Ambon City bay is good for critter watching. I would not personally grade the muck diving here as better than Lembeh Straits in Manado, but it is rewarding for critter lovers and photographers. The dive sites Laha II, and Rhino City are great to see rhinopias, flamboyant cuttlefish, harlequin shrimps, frogfish, and octopus. There is a price to pay, however, most of these critters enjoy staying under the fishing boats. So you would be diving in rubbish strewn waters. You can see some of Goh Siang’s photos.

On the opposite bank is a dive site called Pantai Nama, a wall dive similar to many you can see in the region, but rare as it is in a bay. Barramundi Cod can be found at this sight among all the usual reef dwellers in Indonesian waters. We even caught sight of Devil Rays and even a single Hammerhead shark at 23m, which totally made the trip for two of my dive buddies who spotted it.

Weather permitting, try to go out of the bay to the sites Pintu Kota and Hukurilla. They offer beautiful swimthroughs teaming with fish life, the underwater-scape is beautiful out there. A trip out to Pulau Tiga will also yield sights typical of Indonesian reef diving, you can find Napoleon Wrasse out in the island. Asilulu Point is a dive site that has gigantic barrel sponges the size of small cars. Definitely something wonderful to see after spending days diving with the rubbish.

Ambon City bay is full of rubbish. It was a stark reminder that the developed world has sold its first world products (with first world packaging) to the third world, without providing first world rubbish disposal.
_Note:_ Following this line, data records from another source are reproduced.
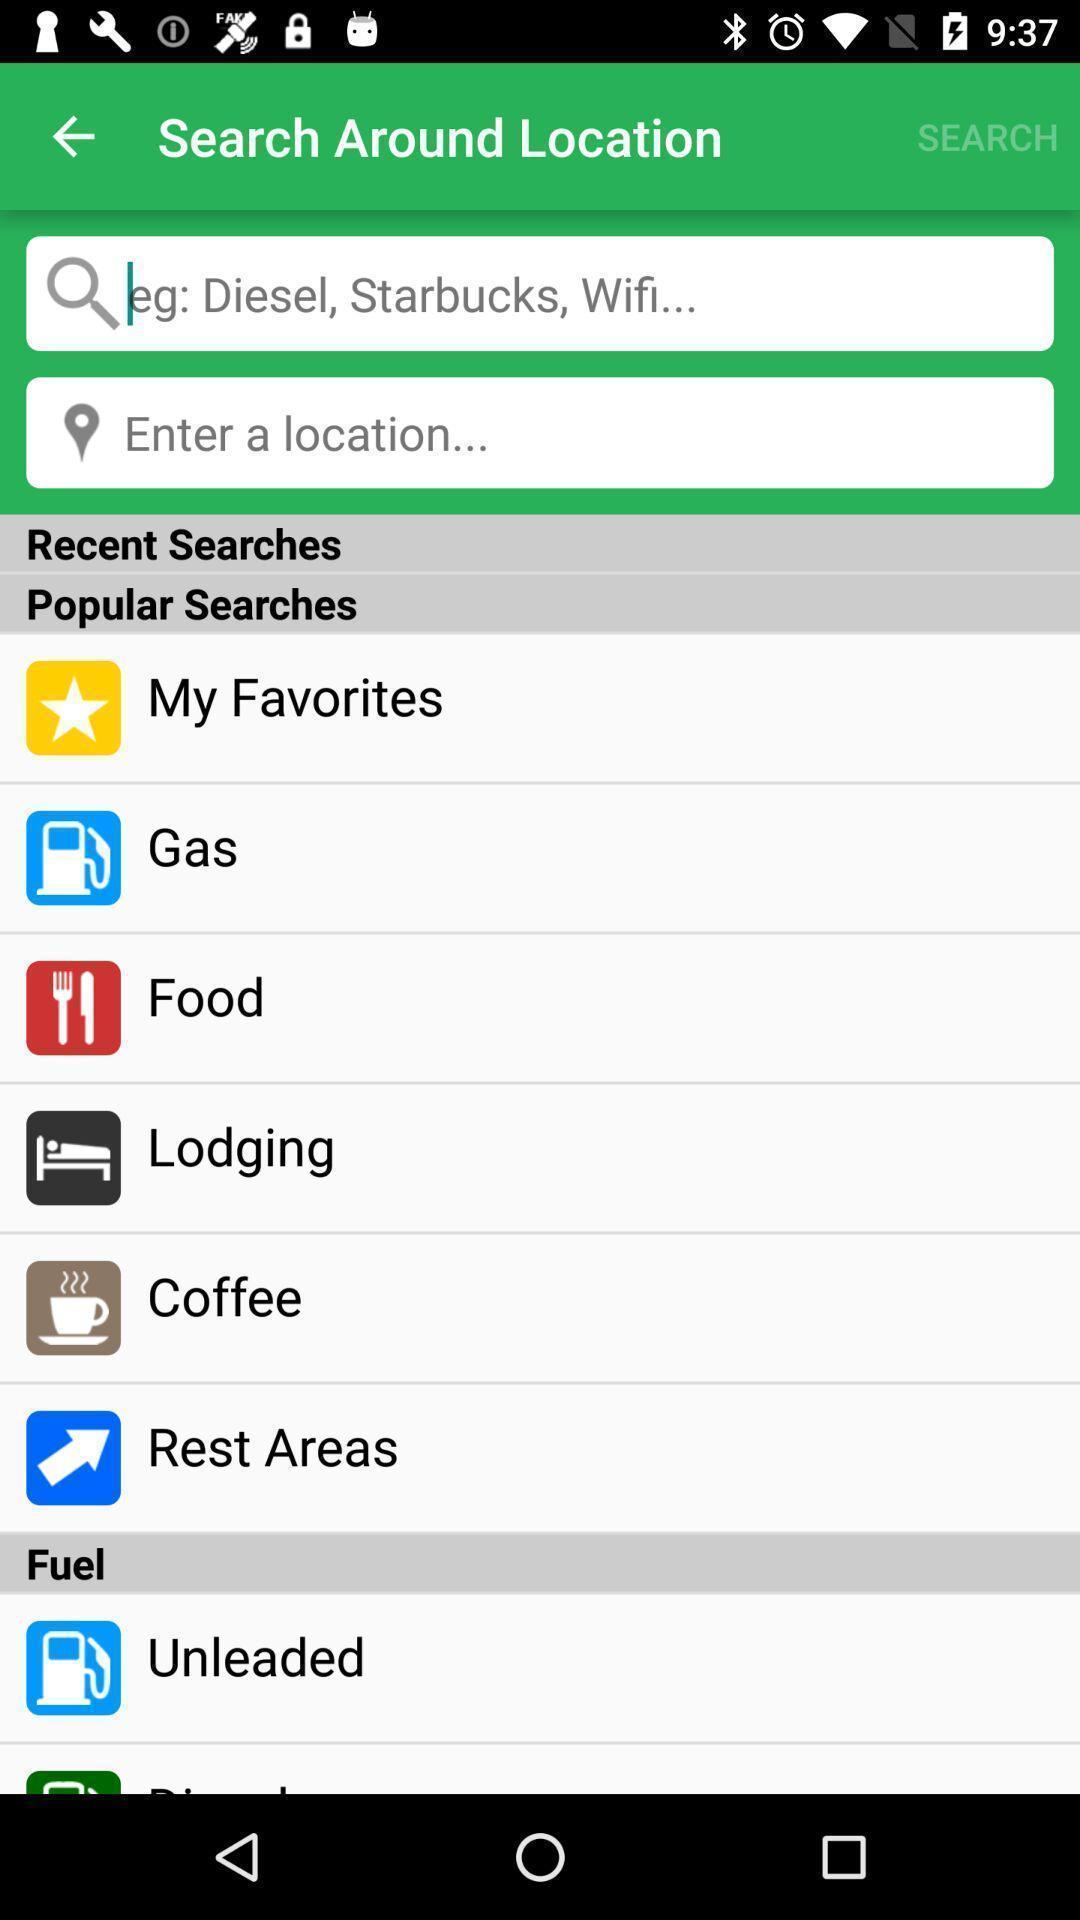Explain the elements present in this screenshot. Search page with options to search things entering the location. 
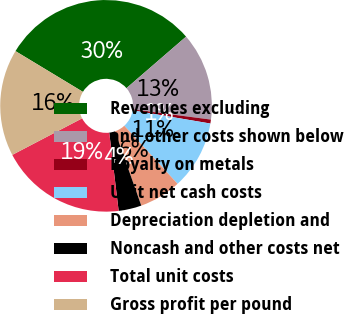Convert chart to OTSL. <chart><loc_0><loc_0><loc_500><loc_500><pie_chart><fcel>Revenues excluding<fcel>and other costs shown below<fcel>Royalty on metals<fcel>Unit net cash costs<fcel>Depreciation depletion and<fcel>Noncash and other costs net<fcel>Total unit costs<fcel>Gross profit per pound<nl><fcel>30.0%<fcel>13.42%<fcel>0.6%<fcel>10.51%<fcel>6.41%<fcel>3.5%<fcel>19.23%<fcel>16.32%<nl></chart> 
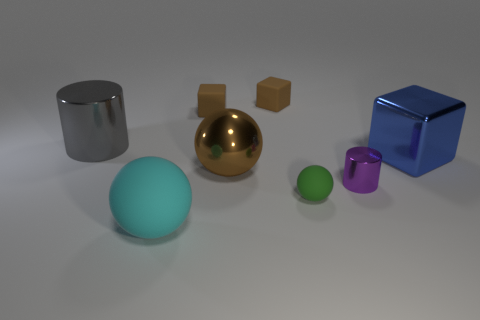What number of objects are tiny purple rubber cylinders or large metal objects that are to the right of the big gray cylinder?
Ensure brevity in your answer.  2. Are there any purple spheres that have the same material as the tiny cylinder?
Offer a terse response. No. There is a purple object that is the same size as the green rubber thing; what is it made of?
Your answer should be compact. Metal. What material is the brown cube that is on the left side of the big shiny thing in front of the large blue metallic object made of?
Offer a terse response. Rubber. Does the metallic thing that is on the left side of the cyan object have the same shape as the tiny purple object?
Provide a short and direct response. Yes. What is the color of the tiny cylinder that is the same material as the brown ball?
Offer a terse response. Purple. What material is the large object behind the large blue thing?
Your answer should be compact. Metal. Does the large blue shiny object have the same shape as the thing that is in front of the small matte ball?
Keep it short and to the point. No. What material is the big thing that is behind the shiny ball and to the left of the tiny shiny object?
Your answer should be compact. Metal. The cylinder that is the same size as the green thing is what color?
Make the answer very short. Purple. 
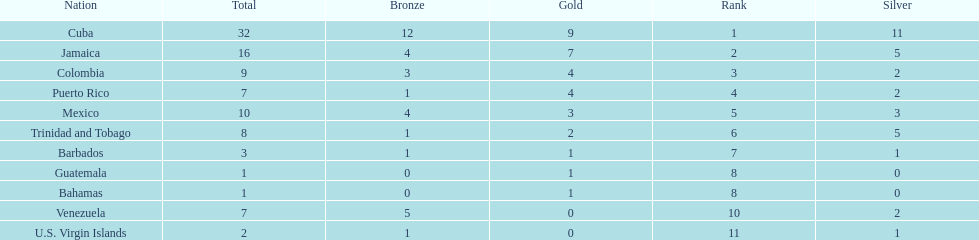Nations that had 10 or more medals each Cuba, Jamaica, Mexico. 
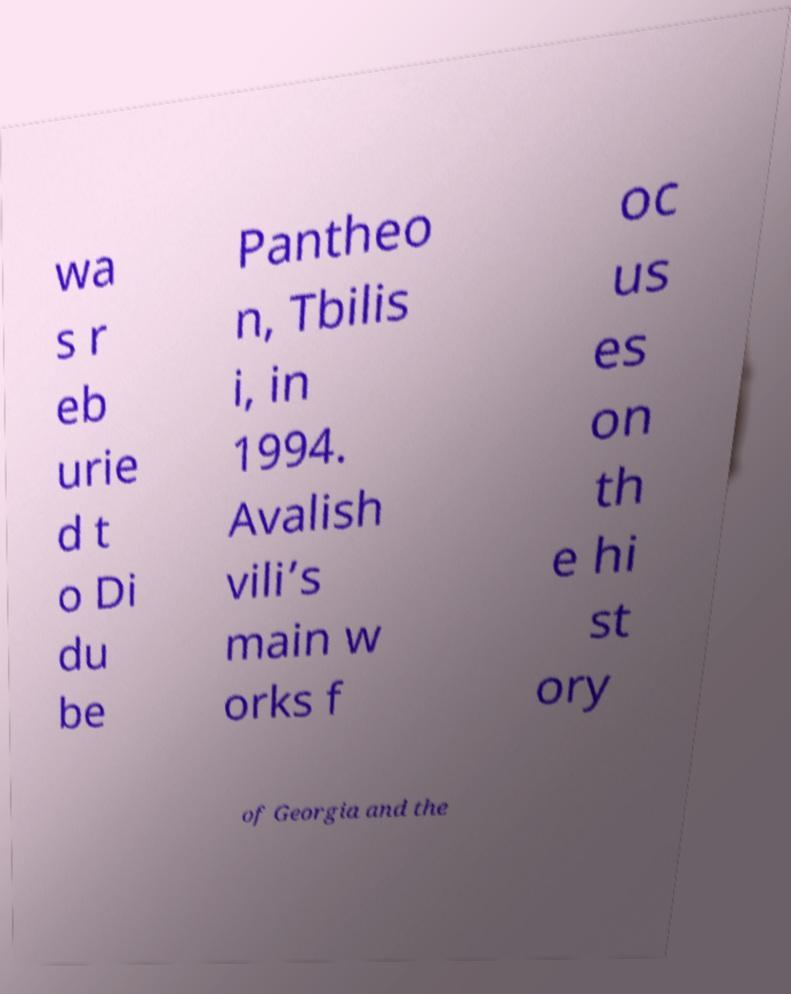I need the written content from this picture converted into text. Can you do that? wa s r eb urie d t o Di du be Pantheo n, Tbilis i, in 1994. Avalish vili’s main w orks f oc us es on th e hi st ory of Georgia and the

So all that fancy wrappers and plastic bags goes into the sea, the traditional rubbish bin, which was fine when for generations upon generations, only organic wastes were thrown in them. Environmentalists groups should look at providing rubbish collection and disposal services to the third world, and make importers of first world packaged products pay for it.

One awesome thing about Ambon City is that the 24 hours no fly time can be amply taken up. Take a 30km drive to the village of Waai where you can play with 1.5 to 2 metre long freshwater eels that are sacred and native to the cold spring water river. Local fruits are also available fresh from smallholder stalls by the roadside.

I rather enjoyed my time in Ambon but I felt that the dive destination lacks a certain focal point to get my adrenalin pumping (this may explain why it took me 5 months to get off my arse and write this). However, I think photographers of critters would truly appreciate the ease of finding species almost impossible to see elsewhere. Relaxing easy diving if a little on the cold side.